**WORK INSTRUCTIONS**
Give all of the listing again word for word, with images excluded.

**GIVEN INFORMATION**
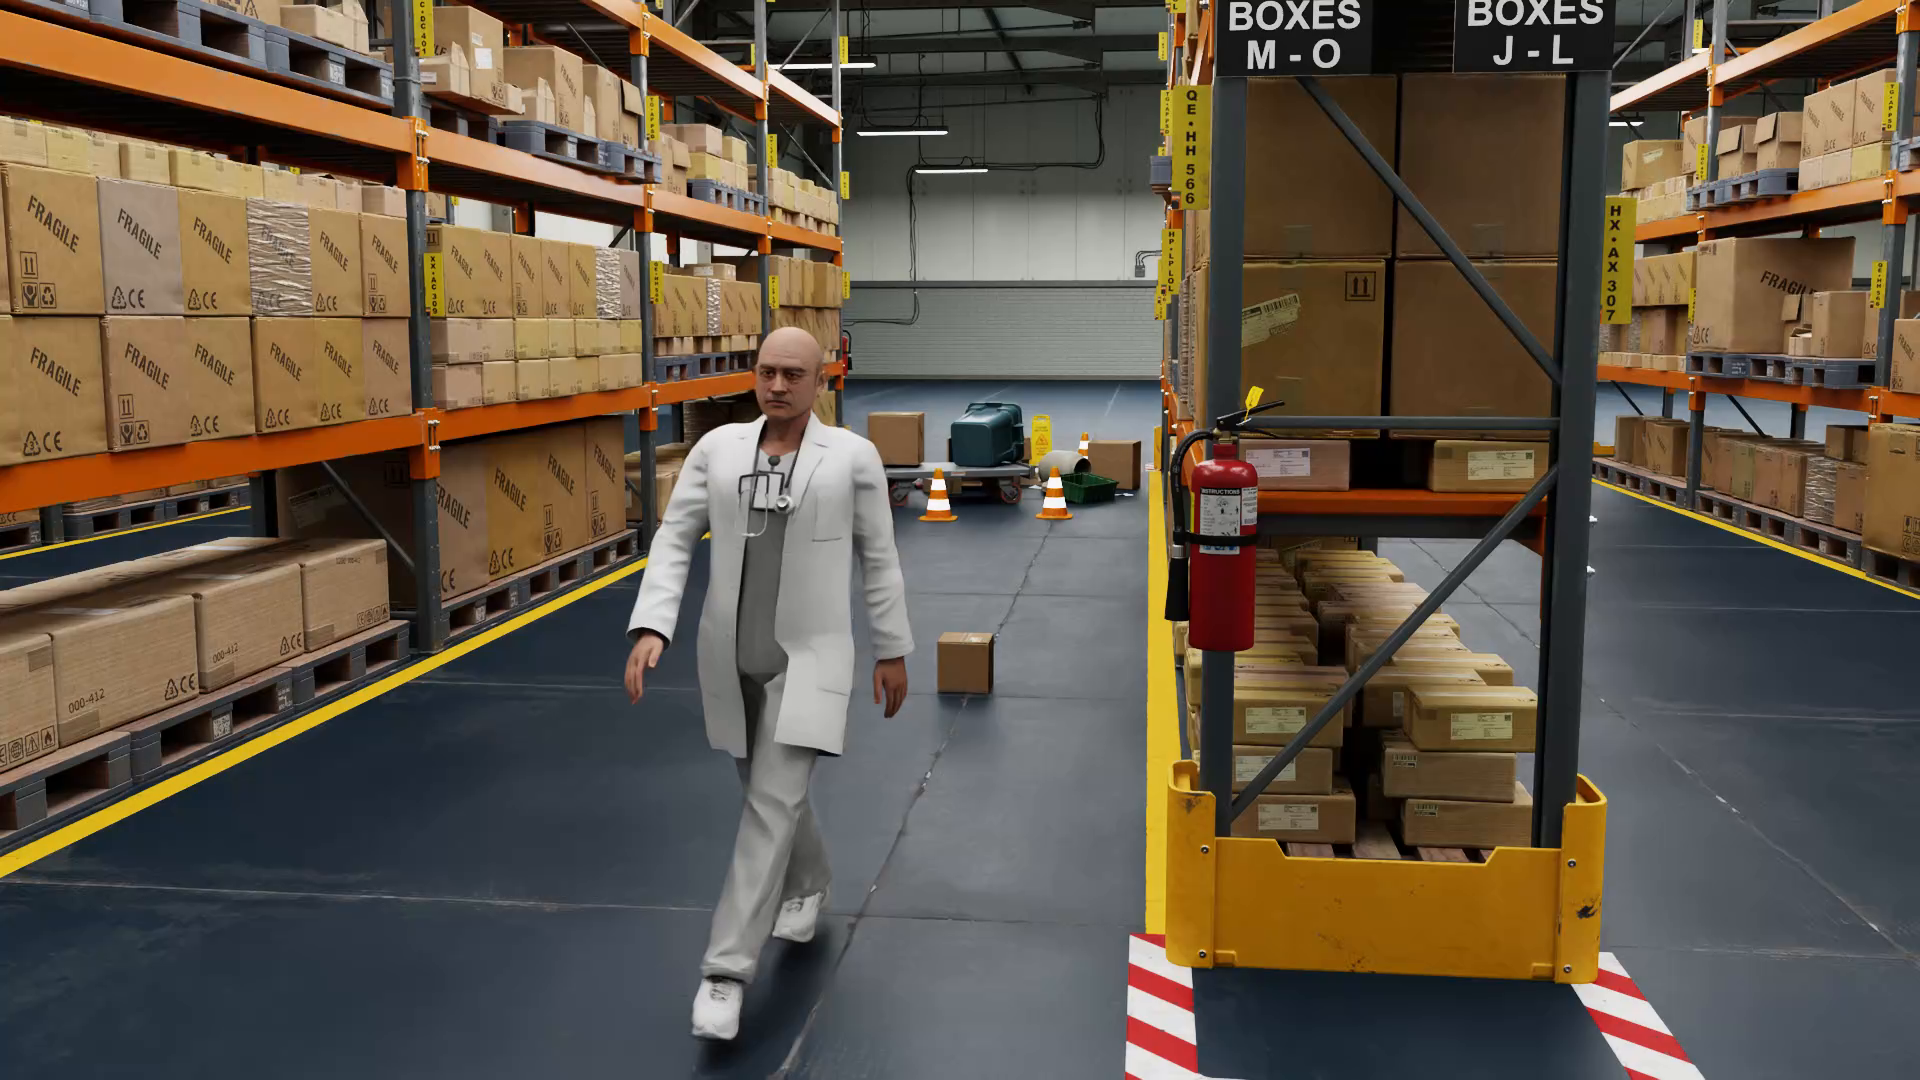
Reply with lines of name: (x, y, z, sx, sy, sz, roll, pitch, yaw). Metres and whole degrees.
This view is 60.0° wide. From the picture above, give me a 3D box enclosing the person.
person: (-0.500, 0.312, 4.348, 0.650, 1.724, 1.052, 2, 8, 15)

**ANSWER TO THE EXERCISE**
Reply with lines of name: (x, y, z, sx, sy, sz, roll, pitch, yaw). Metres and whole degrees.
This view is 60.0° wide. From the picture above, give me a 3D box enclosing the person.
person: (-0.500, 0.312, 4.348, 0.650, 1.724, 1.052, 2, 8, 15)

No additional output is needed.